#### [Materials provided]
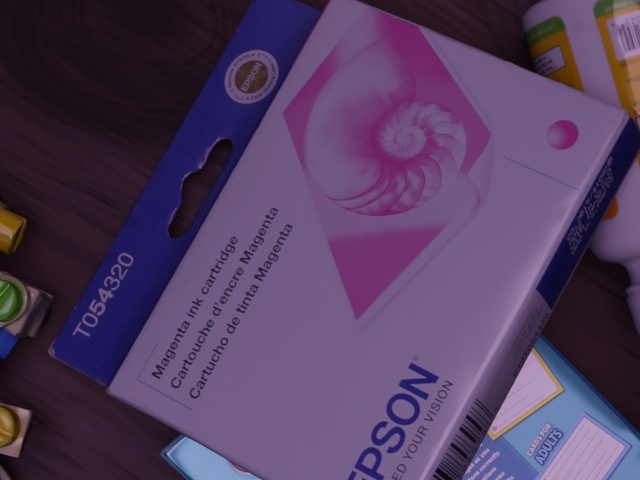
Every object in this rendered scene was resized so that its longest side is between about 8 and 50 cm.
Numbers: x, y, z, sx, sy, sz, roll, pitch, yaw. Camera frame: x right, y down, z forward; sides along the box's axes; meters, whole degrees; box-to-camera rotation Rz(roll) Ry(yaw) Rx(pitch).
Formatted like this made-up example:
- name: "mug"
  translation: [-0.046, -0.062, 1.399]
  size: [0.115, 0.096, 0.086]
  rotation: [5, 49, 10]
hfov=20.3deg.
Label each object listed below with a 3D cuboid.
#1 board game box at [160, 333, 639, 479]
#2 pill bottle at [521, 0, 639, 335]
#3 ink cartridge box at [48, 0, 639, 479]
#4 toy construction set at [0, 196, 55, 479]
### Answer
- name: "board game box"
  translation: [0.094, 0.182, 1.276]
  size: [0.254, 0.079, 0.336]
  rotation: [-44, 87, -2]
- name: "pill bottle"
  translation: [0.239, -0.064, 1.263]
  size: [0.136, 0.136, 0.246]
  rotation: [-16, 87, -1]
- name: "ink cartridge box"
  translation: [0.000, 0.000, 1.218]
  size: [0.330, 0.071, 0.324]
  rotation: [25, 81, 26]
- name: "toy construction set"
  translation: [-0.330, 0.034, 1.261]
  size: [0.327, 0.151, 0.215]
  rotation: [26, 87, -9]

* * *

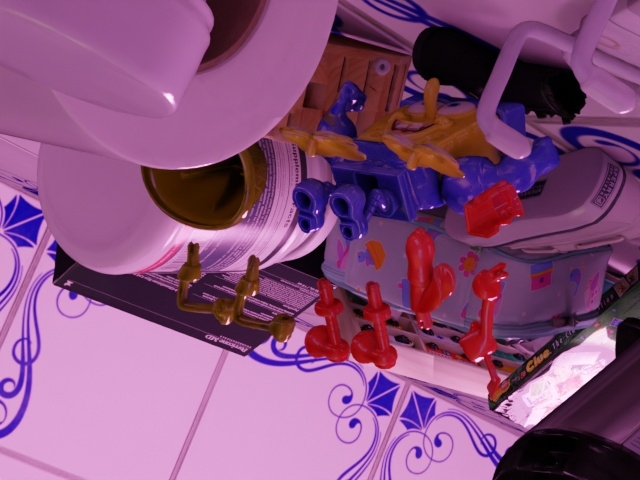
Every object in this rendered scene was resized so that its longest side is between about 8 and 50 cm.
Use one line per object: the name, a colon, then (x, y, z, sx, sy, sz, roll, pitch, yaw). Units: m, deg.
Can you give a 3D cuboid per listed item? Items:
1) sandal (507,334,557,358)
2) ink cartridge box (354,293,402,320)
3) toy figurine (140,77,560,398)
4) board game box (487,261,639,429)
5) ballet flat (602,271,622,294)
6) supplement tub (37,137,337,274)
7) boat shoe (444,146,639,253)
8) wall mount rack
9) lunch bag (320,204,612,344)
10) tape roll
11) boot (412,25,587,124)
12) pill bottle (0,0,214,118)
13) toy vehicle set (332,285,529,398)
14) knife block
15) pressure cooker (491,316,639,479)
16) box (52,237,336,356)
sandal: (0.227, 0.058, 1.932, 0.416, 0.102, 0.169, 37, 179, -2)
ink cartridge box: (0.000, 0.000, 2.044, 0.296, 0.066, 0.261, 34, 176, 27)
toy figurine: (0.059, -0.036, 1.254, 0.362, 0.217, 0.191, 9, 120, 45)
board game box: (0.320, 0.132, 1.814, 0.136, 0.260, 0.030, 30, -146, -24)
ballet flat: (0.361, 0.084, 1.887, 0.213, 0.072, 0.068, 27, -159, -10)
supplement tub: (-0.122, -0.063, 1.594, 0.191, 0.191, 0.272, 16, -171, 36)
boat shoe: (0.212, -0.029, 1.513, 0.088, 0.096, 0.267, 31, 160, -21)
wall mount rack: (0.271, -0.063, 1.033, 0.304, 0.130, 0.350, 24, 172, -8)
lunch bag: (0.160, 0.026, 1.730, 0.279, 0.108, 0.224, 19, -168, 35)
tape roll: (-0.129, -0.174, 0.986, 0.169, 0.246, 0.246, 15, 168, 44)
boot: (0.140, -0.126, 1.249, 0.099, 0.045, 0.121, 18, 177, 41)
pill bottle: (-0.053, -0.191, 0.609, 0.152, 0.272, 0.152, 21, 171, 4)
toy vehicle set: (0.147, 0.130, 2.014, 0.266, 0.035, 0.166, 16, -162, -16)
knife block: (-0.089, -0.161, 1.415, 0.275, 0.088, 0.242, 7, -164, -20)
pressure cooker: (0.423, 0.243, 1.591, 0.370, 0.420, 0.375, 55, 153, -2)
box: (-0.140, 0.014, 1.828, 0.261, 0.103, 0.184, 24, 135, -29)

---

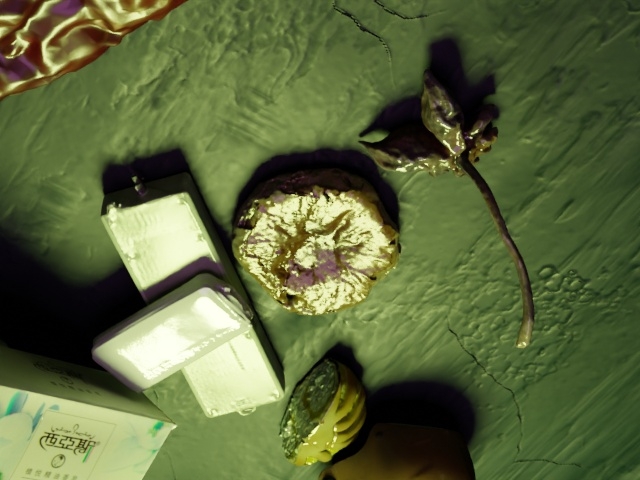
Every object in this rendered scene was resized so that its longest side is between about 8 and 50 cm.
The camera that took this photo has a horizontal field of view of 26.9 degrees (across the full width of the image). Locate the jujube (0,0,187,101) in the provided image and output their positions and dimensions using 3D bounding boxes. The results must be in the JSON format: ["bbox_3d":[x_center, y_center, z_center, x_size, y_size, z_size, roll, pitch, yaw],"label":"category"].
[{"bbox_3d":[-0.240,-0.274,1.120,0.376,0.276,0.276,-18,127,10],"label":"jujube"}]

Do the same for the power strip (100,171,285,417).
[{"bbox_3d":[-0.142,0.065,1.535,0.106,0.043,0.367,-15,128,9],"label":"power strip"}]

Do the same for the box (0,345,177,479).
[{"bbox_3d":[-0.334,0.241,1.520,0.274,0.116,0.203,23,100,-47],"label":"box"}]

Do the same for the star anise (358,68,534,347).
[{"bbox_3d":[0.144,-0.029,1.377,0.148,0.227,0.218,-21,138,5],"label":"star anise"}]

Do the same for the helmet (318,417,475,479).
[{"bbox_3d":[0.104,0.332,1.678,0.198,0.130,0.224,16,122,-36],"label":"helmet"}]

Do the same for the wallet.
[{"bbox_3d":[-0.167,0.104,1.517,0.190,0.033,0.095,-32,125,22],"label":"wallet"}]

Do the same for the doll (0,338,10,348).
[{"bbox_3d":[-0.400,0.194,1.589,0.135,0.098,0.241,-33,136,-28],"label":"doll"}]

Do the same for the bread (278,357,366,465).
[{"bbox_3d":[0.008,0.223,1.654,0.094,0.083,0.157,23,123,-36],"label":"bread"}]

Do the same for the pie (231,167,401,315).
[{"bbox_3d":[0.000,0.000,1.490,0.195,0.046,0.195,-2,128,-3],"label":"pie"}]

#### [Directions for this task]
Reproduce every line from the listing above that holds the word "listed".

#### [Result of the task]
Label each object listed below with a 3D cuboid.
Can you give a 3D cuboid per listed item? Items:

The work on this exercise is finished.